The American auto industry was once the centerpiece of the U.S. economy. While that’s no longer the case, it still remains important. It employs large numbers of people and purchases supplies from literally thousands of U.S. companies.

There can be endless debates of why the U.S. auto industry is in such trouble — from the decisions and makeup of management, to the unions that control much of the workforce, to the cost structures inherent in producing cars in the American economy. Whatever the reasons are, it left it woefully unprepared for the 2008 economic recession.

Recessions reveal weak businesses and destroy them, freeing up resources for new enterprises. They occur when, as is inevitable, inefficiencies and irrationalities build up in the financial and economic system. The resulting economic downturn imposes a harsh discipline that destroys the inefficient, encourages efficiencies, and opens the doors to new businesses using new technologies and business models. The year 2001 smashed the dot com technology sector in the U.S., but that opened the door for Google Inc.

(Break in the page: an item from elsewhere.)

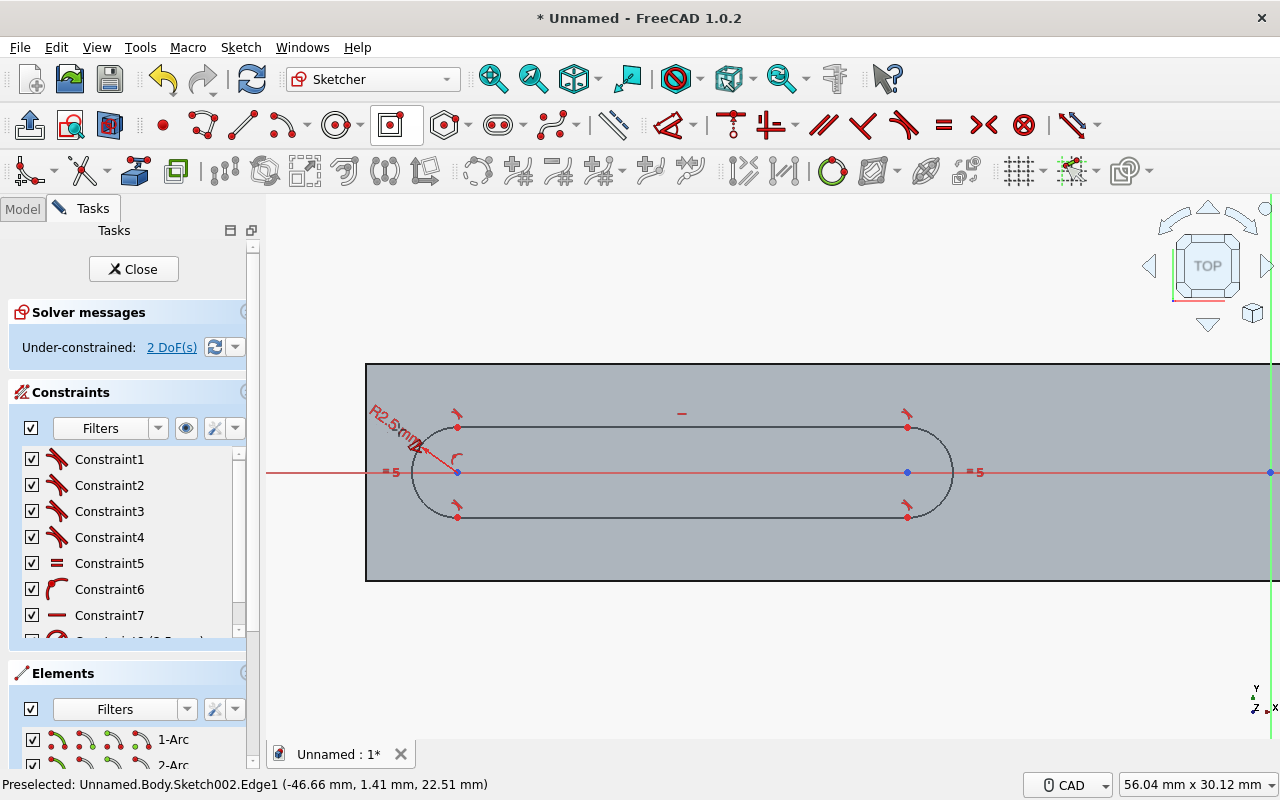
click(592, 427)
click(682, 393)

The business cycle works well, but the human costs can be daunting. The collapse of inefficient businesses leaves workers without jobs, investors without money, and society less stable than before. The pain needed to rectify every country’s economy is enormous. Each country is prepared to accept a high degree of economic inefficiency to avoid, or at least postpone, the reckoning. The reckoning always comes, but for most of us, later is better than sooner. Economic rationality takes a back seat to social necessity and political common sense.

The last recession had hit the auto industry hard. The ultimate reason is the same one that destroyed the U.S. steel industry a generation ago: Given U.S. cost structures, producing commodity products is best left to countries with lower wage rates, while more expensive U.S. labor is deployed in more specialized products requiring greater expertise. Thus, there is still steel production in the U.S., but it is specialty steel production, not commodity steel.

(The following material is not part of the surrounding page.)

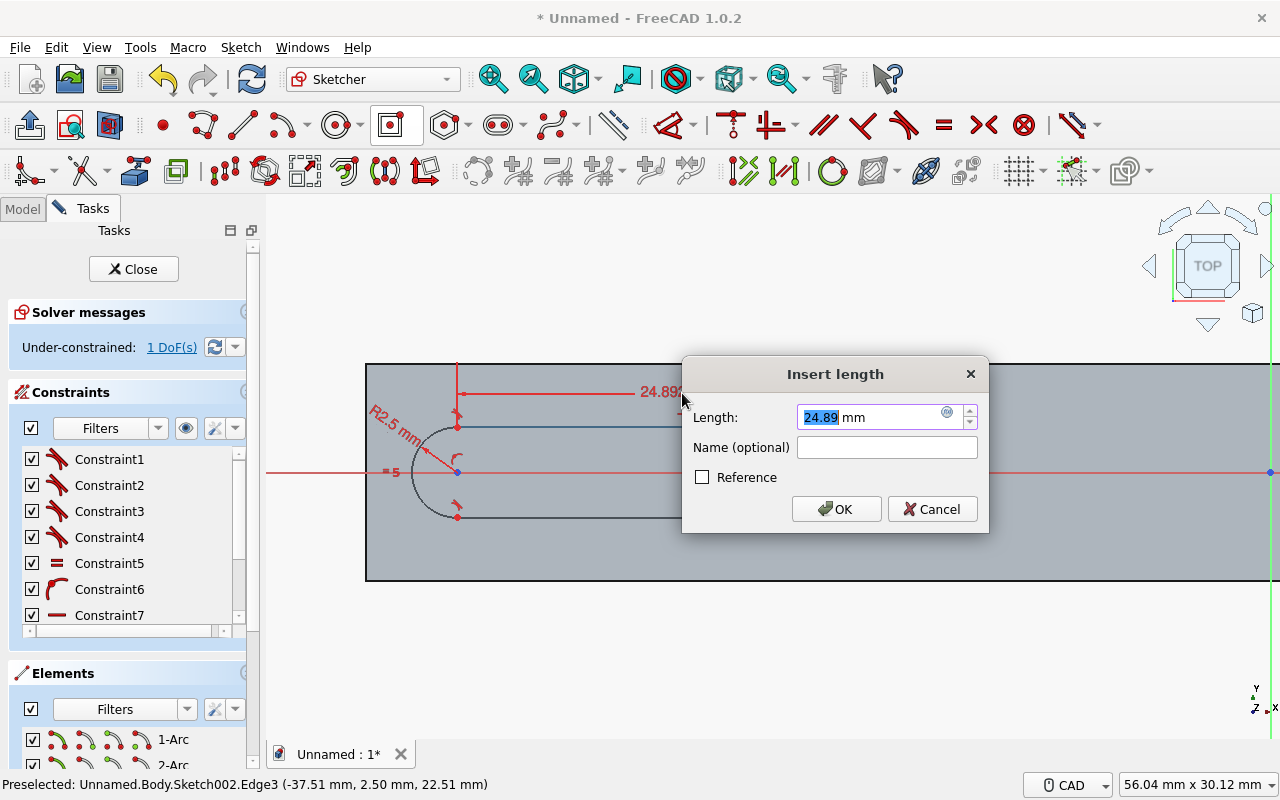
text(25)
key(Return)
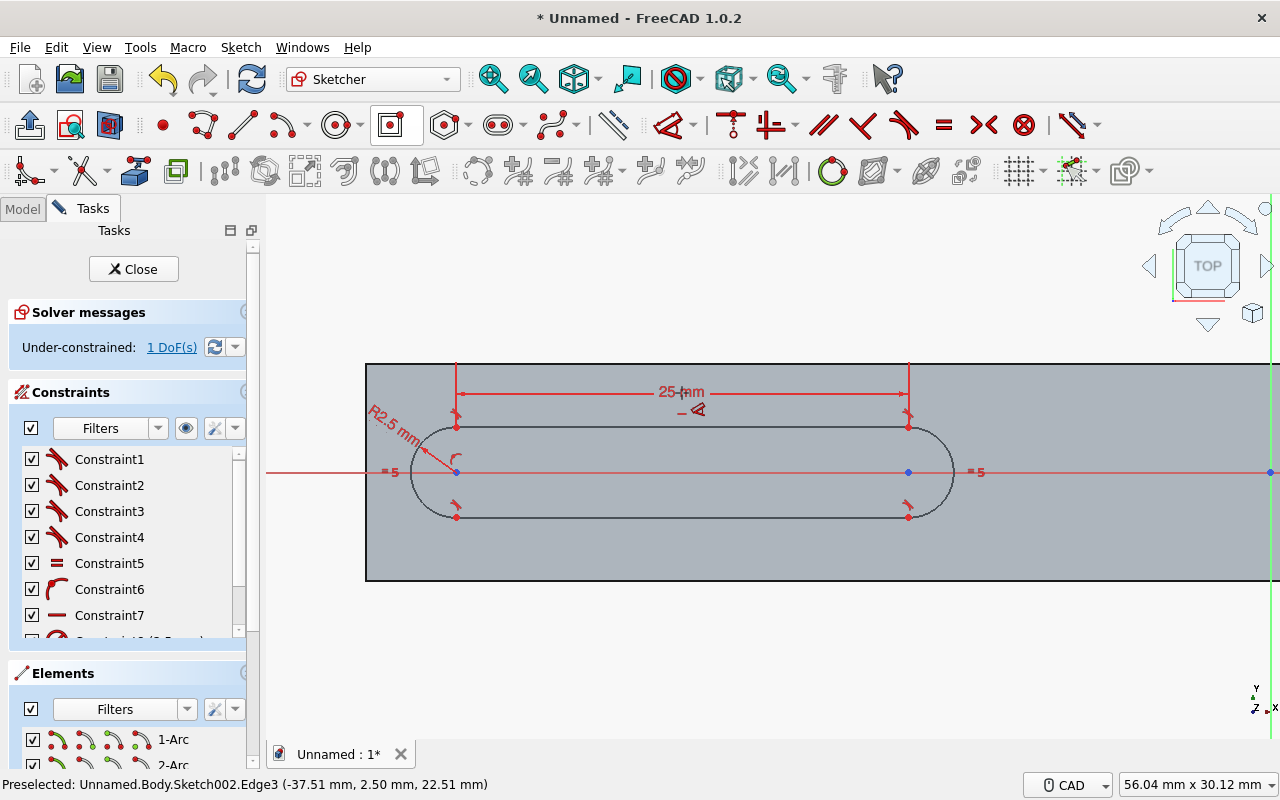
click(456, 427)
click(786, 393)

Allowing this to happen to the U.S. auto industry sounds easy, but the transition would be a bloodletting. Current employees of both the automakers and suppliers would be devastated. Institutions that have lent money to the automakers would suffer massive or total losses. Pensioners might lose pensions and health care benefits, and an entire region of the U.S.— the industrial Midwest — would be devastated. Something stronger would grow in its place eventually, but not soon enough for many of the current employees, shareholders and creditors.

Policymakers had a decision to make. If the automakers were allowed to fail, their drain on the economy would’ve ended; the pain would’ve been shorter (if not more intense); and new industries would emerge more quickly. But though their drain on the economy would end, the impact of the automakers’ failure on the economy would’ve been seismic. Unemployment would surge, as would bankruptcies of many auto suppliers. Defaults on loans would hit the credit markets. In the Midwest, home prices would plummet and foreclosures would skyrocket. And God only knows what the impact on equity markets would be.

Few if any believe the U.S. auto industry can survive in its current form. But there was an emerging consensus in Washington that the auto industry must not be allowed to fail in 2008-2009. The argument for spending money on the auto industry was not to save it, but to postpone its failure until a less devastating and inconvenient time. In other words, fearing the social and political consequences of a recession working itself through to its logical conclusion, Washington decided to spend money it knew it might not recover to postpone the failure.

There is also a powerful counter-argument to bailing out the U.S. auto industry. This argument holds that the auto industry is a drain on the U.S. economy, that it will never be globally competitive, and that if it is dragged back from the edge, no one will then say it is time to push it to the edge and over. The next time it will be on the brink will be during the next recession, and the same argument to save it will be used. In due course, the U.S. will be so terrified of the social and political consequences of business failure that it will maintain Chinese-like state owned enterprises, full of employees and generation-old plants and business models. Clearly, short-run solutions can easily become long-term albatrosses.

Wherever there is an economic downturn, politicians must decide whether society, and their own political futures, can withstand the rigors recessions impose. Every country in the world looks inward at the impact of any recession on its economy and measures its resources. Countries decide whether they have the ability to prop up businesses that should fail, what the social consequences of business failure would be, and whether they should try to use their resources to avoid the immediate pain of recession.

Each country is also trying to answer the question of how much pain it, and its regime, can endure. The more pain imposed, the healthier countries will emerge economically, unless of course the pain kills them. Ultimately, this is where the rationality of sound economics and the reality of social stability frequently diverge.